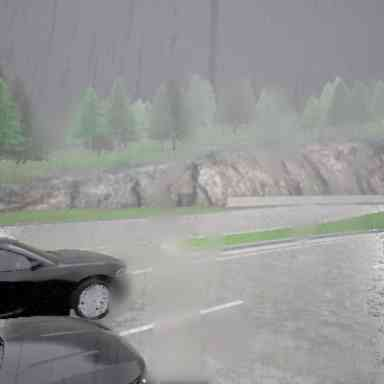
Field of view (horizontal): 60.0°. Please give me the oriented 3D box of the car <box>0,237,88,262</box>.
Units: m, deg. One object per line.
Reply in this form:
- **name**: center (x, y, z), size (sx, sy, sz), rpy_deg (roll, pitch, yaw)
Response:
- **car**: center (-3.517, 1.476, 5.532), size (5.008, 1.535, 1.882), rpy_deg (-1, 0, -35)

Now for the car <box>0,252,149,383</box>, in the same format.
- **car**: center (-2.573, 1.511, 1.909), size (4.892, 1.490, 1.837), rpy_deg (0, 0, -35)
+---+
→ WHAT YOU NEED TO DO
Restate word for word each line of the data from the one with "Now for the" to the last, keeping both ends.

→ SOLUTION TO THIS TASK
Now for the car <box>0,252,149,383</box>, in the same format.
- **car**: center (-2.573, 1.511, 1.909), size (4.892, 1.490, 1.837), rpy_deg (0, 0, -35)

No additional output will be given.